Iowa City officials sent out a request for alternative technologies for the landfill last year. Fiberight was the only respondent, and the city hired the company as a preferred contractor in December 2013.

The city has been negotiating with the company to take advantage of its services.

The landfill, which serves most of Johnson County, takes in roughly 400 tons of waste each day, and according to Fiberight, it could reduce this by 75 or 80 percent.

The city has been negotiating with Fiberight since December, but now the negotiations will be put on hold while the company starts two new facilities in Marion and Blairstown, Iowa.

Iowa City Public Works Director Rick Fosse said these two facilities would give the city a chance to see if Fiberight’s process is practical.

“We expect that Fiberight will learn a great deal during the construction and commissioning of these facilities,” he said. “This, in turn, can have an impact on the proposed Iowa City facility and operations.”

The Marion and Blairstown facilities are scheduled to open next year. Throgmorton said the city would wait until the new operations are fully functional before moving forward.

“It’s my understanding that Fiberight won’t bring its new facilities into operation until the spring or summer of 2015,” he said. “If that’s the case, then we would be wanting to know how effective their new facilities are; we need to wait until they get their facilities up and running before we make our decision.”

City Councilor Kingsley Botchway said observing Fiberight’s two new operations will ensure that the process will not be negative for the city. Previously, Johnson County residents have raised concerns to the council that the process may not be environmentally friendly or viable for the city, questioning the practicality of the potential partnership.

“I think in this particular sense we need to be even more cautious,” Botchway said. “I would hate for us to [make a decision that would] hurt Iowa City, either short term or long term.”

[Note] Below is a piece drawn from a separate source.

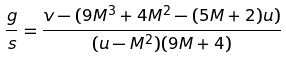Convert formula to latex. <formula><loc_0><loc_0><loc_500><loc_500>\frac { g } { s } = \frac { v - ( 9 M ^ { 3 } + 4 M ^ { 2 } - ( 5 M + 2 ) u ) } { ( u - M ^ { 2 } ) ( 9 M + 4 ) }</formula>

But Throgmorton maintained no contracts have been set yet, and nothing will be done in the near future.

The city may save money by taking a break from considering the Fiberight agreement, Fosse said. City officials will be able to take the company’s contracts in Marion and Blairstown into account when developing its own agreement, potentially saving money in the negotiation process.

Waiting to resume negotiations will also make the process clearer to Iowa City, Botchway said.

“I don’t necessarily know that it helps us come to a decision,” he said. “[But] it does help us understand what they’re trying to do.”